I would have rather bought the disc XTC and not tried to make it lighter but that wasn't a choice then, shrugs. Oh btw here's the folding 24 SB8.

https://www.amazon.com/dp/B00LTLQNQ4/ref=pe_385040_30332190_TE_3p_dp_1


----------



## Flakarter (Nov 7, 2017)

Thanks the link. The bike came with 24x1.95, so that was the size I was trying to obtain in a folding SB8. 

I don't what else I can reasonably do to make the bike lighter with the exception of expensive wheels or changing it to a single chain ring which can get costly as well.


----------



## Steve-XtC (Feb 7, 2016)

Flakarter said:


> I don't what else I can reasonably do to make the bike lighter with the exception of expensive wheels or changing it to a single chain ring which can get costly as well.


It's the classic pick any 2 ... light, cheap, strong.... 
Although I see why people expect kids bikes to be cheaper at a price point it doesn't really work out. Sure the frame is slightly smaller, wheels slightly smaller etc. but all the components are adult sized.

Some stuff just doesn't exit or is so rare it almost mightiest well not exist like decent cranks ... but where they do process are the same as adult... (if not slightly more)
If you stop and think though then take cranks and saving 35mm of metal for say 140-175 doesn't save much weight or price... all the cost is in the "working bits" and machining/design...

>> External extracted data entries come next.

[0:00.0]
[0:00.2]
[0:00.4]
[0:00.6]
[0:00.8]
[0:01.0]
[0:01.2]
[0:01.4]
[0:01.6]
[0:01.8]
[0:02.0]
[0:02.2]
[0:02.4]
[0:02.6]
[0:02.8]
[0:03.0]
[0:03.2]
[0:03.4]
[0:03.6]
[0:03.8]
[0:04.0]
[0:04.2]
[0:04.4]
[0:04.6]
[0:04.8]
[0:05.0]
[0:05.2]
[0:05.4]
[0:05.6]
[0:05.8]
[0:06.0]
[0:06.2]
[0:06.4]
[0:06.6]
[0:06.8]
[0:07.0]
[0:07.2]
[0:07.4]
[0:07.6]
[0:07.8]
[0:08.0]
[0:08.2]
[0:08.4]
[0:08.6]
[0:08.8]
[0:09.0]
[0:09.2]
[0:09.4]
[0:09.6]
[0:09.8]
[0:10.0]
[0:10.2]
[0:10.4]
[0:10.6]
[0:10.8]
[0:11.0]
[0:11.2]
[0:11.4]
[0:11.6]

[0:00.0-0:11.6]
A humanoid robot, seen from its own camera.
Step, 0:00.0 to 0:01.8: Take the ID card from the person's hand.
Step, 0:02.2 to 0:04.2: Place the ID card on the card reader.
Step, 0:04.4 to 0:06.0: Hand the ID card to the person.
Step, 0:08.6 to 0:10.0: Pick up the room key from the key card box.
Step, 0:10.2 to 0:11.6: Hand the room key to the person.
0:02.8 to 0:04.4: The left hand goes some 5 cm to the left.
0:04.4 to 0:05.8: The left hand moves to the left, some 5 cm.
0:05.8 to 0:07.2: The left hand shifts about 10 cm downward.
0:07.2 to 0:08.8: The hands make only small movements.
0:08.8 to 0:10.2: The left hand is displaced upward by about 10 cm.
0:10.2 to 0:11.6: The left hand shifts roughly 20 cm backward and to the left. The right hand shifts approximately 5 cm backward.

The Rocket Ron tyres are very light ... reports are mixed... we like them but people riding sharp rock can find them wanting... I shouldn't jinx but in thousands of miles of riding Jnr never had a puncture didn't self seal running tubeless on the RR's. I've wrecked 2 Racing Ralph's in the same time and riding the same routes ... so I think part of this is his weight vs mine...

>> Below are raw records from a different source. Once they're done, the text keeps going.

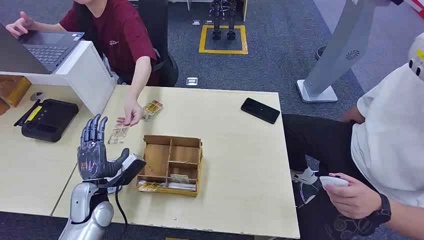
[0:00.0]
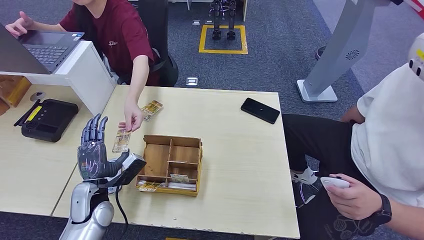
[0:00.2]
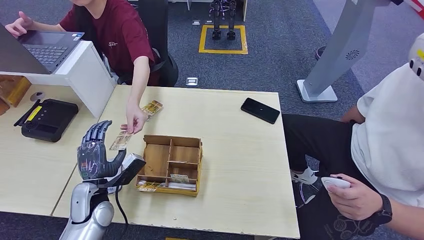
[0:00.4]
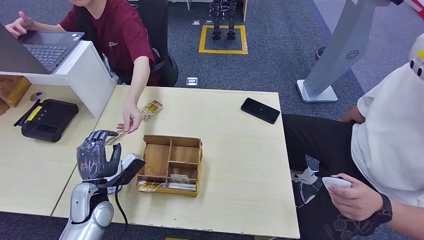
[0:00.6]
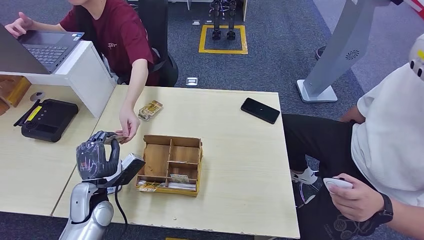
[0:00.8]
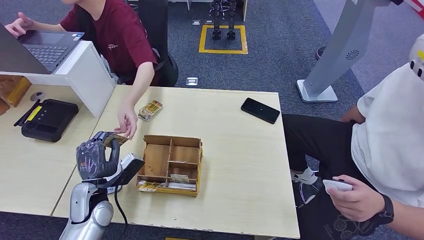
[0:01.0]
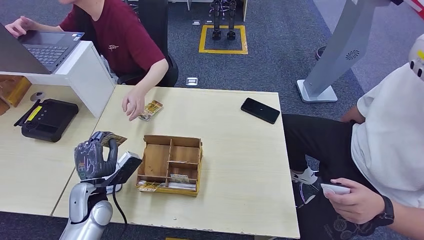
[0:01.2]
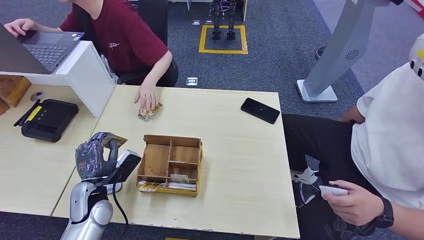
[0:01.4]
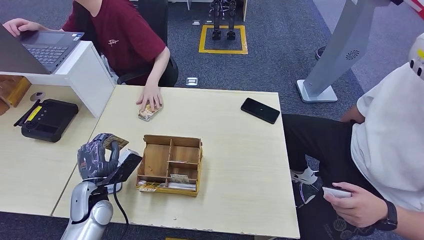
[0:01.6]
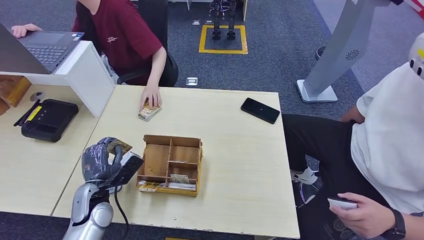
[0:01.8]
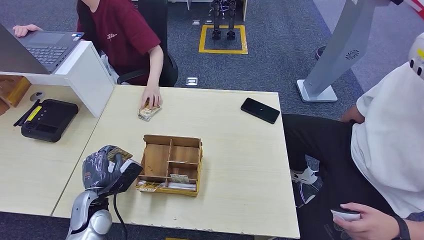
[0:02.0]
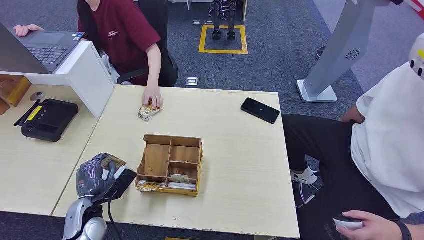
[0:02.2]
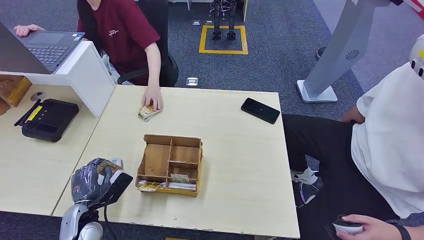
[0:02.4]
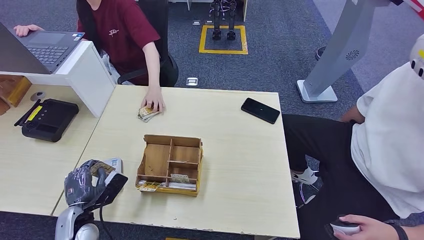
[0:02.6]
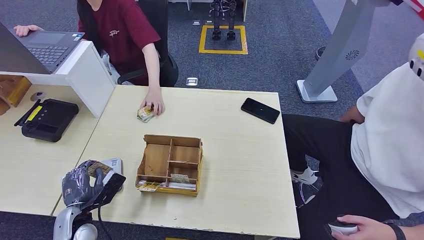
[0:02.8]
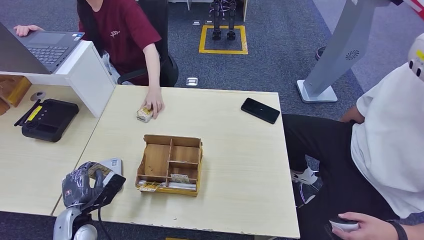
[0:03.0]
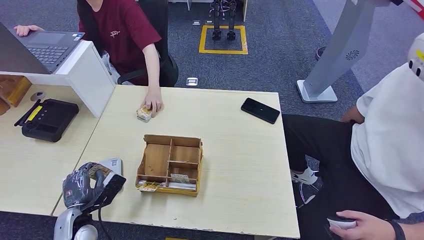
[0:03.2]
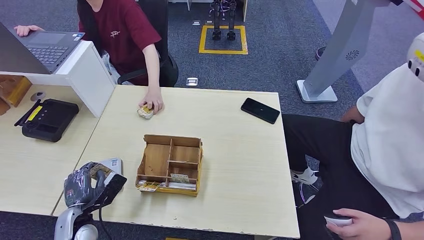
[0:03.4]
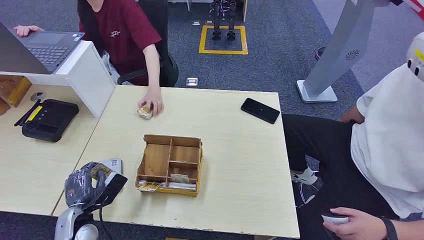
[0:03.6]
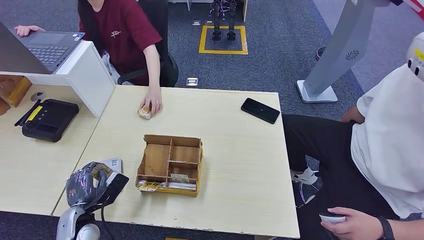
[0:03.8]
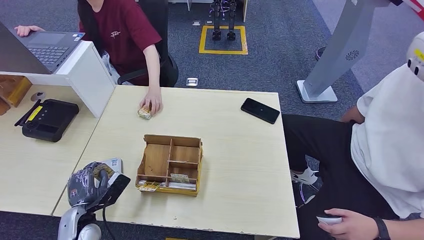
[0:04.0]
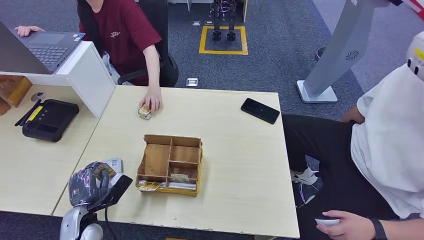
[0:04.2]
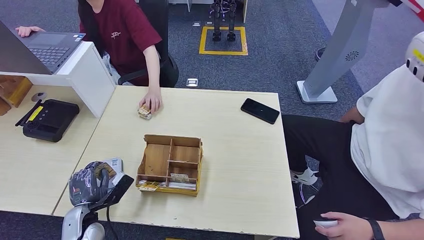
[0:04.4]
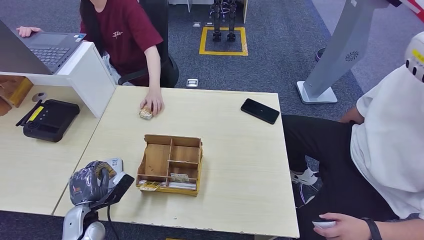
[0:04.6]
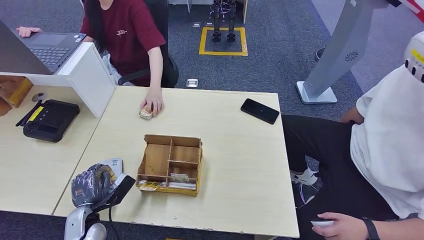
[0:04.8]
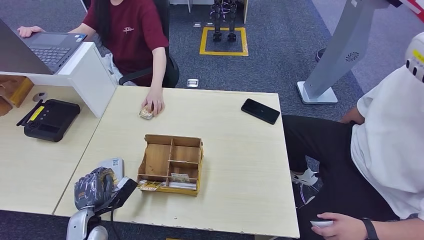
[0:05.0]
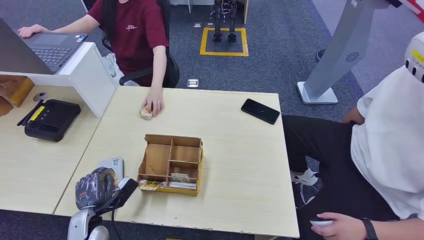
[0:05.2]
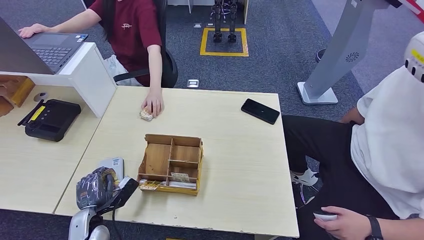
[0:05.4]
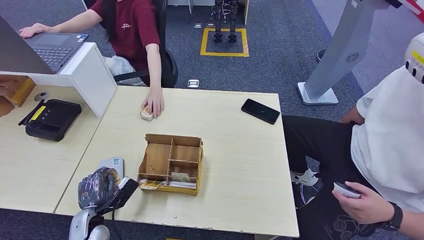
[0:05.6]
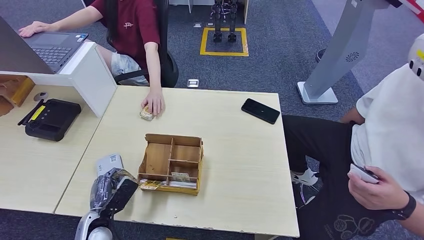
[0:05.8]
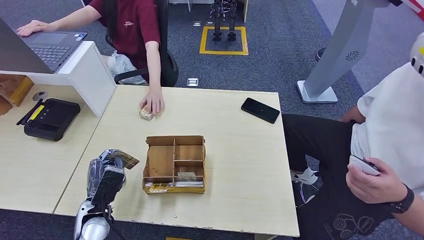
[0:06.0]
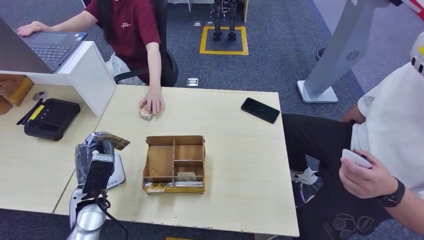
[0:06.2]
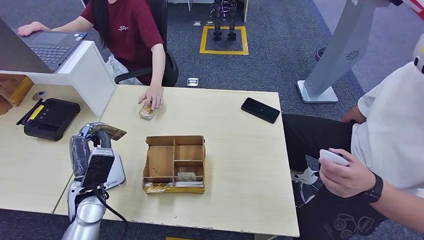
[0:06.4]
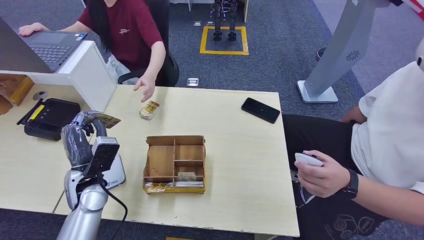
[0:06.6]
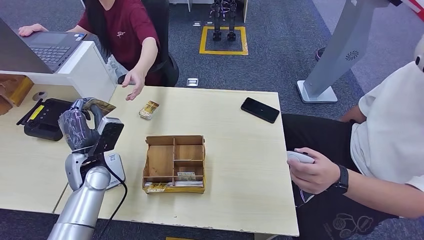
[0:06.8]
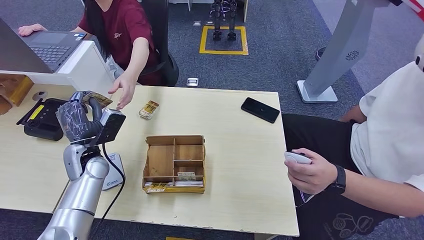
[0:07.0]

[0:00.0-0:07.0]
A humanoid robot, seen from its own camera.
Step, 0:00.0 to 0:01.0: Take the ID card from the person's hand.
Step, 0:01.4 to 0:04.6: Place the ID card on the card reader.
0:01.4 to 0:02.8: The left hand goes approximately 5 cm backward.
0:02.8 to 0:05.6: The hands stay close to where they were, moving slightly.

There is precious little in terms of wheels and forks ... to start with but even less on a budget.


----------



## thesmokingman (Jan 17, 2009)

I wouldn't bother saving weight and throwing more money at it. They zip (grow) thru the 24in size so quick. I'd rather spend that money on a built up 26in. My son had a growth spurt thru the 24in size, wasted all that effort for a 1.5yrs use maybe, shrugs. C'est la vie...


----------



## Flakarter (Nov 7, 2017)

I hear you, I just want to make the experience as enjoyable as possible. The more he rides, the more I get to ride!


----------



## svinyard (Aug 14, 2017)

Flakarter said:


> I hear you, I just want to make the experience as enjoyable as possible. The more he rides, the more I get to ride!


What kind of trails are you riding? More flat greens or blues/diamonds with elevation climbs etc?

I think weight is a big deal but it sounds like you've already cut most of the common weight savers out. Not sure where that extra fat is coming from (28lbs is heavy) but cut out all of that extra stuff you added. You can be the mule. Weight kills fun. I wouldn't underestimate your kids. I'd trick that bike out, get him/her some legit pads and throw them out on the "fun" trails that scare Mom ...(assuming they have solid basics). I think you only have so many years before they are smart enough to be afraid lol.


----------